Sunday, September 19, 2004 | 12:00 a.m. CDT; updated 7:57 a.m. CDT, Friday, July 18, 2008

Columbia residents will have a final chance to speak on proposed utility rate hikes when the city council meets Monday to vote on the fiscal 2005 budget.

The average residential bill for city utilities could increase by $5.90 per month due to higher rates for electric, water and sewer services, said City Manager Ray Beck at a Friday press conference.

Pending a council vote, the rate increases would be written into the city code to complement the $277.5 million budget.

Overall electric revenue will rise by 9 percent and replace a temporary 9.5 percent rise in rates adopted on June 1, Beck said.

Known as a fuel-adjustment allowance, the temporary hike offset the higher cost of electricity purchased by the city under a contract with St. Louis-based AmerenUE, according to Columbia Water and Light Director Dan Dasho.

Rather than a short-term fix, however, Dasho said the proposed rate changes fit into a larger vision for keeping utility costs down.

“We realize power costs are going up, so we’re looking at ways of choosing a path so as to keep long-term rate increases as low as possible,” he said.

Residential customers could see their bills increase by 9 to 11 percent, Dasho said. The higher rates would apply during peak usage times, such as summer.

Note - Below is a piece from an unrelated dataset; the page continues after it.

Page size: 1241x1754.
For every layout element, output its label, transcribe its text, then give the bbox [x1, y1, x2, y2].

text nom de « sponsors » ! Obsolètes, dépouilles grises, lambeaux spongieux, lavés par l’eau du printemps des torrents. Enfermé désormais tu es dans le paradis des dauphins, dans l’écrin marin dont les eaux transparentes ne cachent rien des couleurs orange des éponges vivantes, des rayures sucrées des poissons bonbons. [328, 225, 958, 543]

At the press conference, Beck stressed the $5.90 per month figure was only an estimate of the financial impact of the utility rate increases on households.

Depending on electricity use, some households could see their monthly electric bills increase by as much as $15 in peak months.

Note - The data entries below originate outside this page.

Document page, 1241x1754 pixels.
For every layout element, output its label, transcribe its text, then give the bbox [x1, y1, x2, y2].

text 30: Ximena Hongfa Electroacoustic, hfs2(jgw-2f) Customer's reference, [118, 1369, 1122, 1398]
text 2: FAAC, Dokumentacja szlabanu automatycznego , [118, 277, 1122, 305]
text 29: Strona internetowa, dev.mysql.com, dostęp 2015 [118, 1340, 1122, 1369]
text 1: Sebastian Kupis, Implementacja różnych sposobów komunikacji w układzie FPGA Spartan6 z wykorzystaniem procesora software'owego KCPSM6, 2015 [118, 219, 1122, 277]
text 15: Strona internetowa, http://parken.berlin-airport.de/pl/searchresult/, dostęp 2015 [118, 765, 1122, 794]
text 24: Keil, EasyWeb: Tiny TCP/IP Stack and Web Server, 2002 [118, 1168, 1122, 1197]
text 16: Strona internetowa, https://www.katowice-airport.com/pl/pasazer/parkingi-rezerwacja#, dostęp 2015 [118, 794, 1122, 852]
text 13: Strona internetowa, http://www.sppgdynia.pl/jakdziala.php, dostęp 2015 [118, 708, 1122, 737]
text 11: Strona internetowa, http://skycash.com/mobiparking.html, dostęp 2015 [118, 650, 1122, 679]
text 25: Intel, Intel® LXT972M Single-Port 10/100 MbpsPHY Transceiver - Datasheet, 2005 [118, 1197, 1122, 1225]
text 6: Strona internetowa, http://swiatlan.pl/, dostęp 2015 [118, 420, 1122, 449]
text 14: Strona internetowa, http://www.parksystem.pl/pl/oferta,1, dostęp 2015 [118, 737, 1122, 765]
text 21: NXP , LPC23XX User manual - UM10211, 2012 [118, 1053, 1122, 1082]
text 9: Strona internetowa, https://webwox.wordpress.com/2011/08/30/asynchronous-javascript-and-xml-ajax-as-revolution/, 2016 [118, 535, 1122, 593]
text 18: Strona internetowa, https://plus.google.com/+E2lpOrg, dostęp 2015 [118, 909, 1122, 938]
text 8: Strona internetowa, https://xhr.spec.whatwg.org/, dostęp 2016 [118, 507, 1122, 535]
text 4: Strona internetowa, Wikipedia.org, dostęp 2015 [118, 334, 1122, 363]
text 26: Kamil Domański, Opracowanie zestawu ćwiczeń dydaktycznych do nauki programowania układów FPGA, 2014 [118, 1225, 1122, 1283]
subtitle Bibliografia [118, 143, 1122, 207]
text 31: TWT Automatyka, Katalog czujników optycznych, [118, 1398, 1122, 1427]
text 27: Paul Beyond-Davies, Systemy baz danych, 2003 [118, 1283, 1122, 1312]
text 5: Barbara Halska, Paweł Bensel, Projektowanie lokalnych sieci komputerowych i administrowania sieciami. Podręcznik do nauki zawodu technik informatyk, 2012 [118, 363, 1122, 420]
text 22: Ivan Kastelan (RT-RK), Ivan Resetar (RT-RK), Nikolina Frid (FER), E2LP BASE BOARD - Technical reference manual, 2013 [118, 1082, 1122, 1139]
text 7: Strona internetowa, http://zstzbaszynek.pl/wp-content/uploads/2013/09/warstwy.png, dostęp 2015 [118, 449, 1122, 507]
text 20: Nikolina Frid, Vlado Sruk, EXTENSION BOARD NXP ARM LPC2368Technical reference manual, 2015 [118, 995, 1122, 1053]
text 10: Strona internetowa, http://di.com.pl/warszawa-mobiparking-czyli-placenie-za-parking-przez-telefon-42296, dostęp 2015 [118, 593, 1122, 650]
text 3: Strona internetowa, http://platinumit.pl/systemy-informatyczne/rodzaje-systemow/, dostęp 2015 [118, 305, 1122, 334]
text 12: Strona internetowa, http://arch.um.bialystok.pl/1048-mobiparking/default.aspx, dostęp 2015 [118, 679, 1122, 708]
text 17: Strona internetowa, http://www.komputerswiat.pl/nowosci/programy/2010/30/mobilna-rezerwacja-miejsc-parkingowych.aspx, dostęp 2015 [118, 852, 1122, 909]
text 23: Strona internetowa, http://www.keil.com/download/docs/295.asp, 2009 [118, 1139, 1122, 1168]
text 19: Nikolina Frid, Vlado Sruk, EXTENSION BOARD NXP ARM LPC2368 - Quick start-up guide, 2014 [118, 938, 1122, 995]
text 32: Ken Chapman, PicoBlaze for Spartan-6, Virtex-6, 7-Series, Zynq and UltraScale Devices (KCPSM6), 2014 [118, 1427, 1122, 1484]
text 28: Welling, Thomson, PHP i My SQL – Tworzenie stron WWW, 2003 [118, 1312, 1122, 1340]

Water rates will also rise by 7.5 percent to generate revenue for utility-related debts and operational costs. Sanitary sewer rates will increase by 4 percent.

Despite the increases, Beck has repeatedly said that Columbia’s utility rates remain competitive with other cities, citing a survey completed prior to the first draft of the fiscal 2005 budget.

Other fee changes include increased recreation fees for the city’s golf courses and adult softball, volleyball and basketball programs.

The council held two previous public hearings on the budget at its Aug. 16 and Sept. 7 meetings.

Dasho said that the budget and utility rate increases received no public comment at either meeting.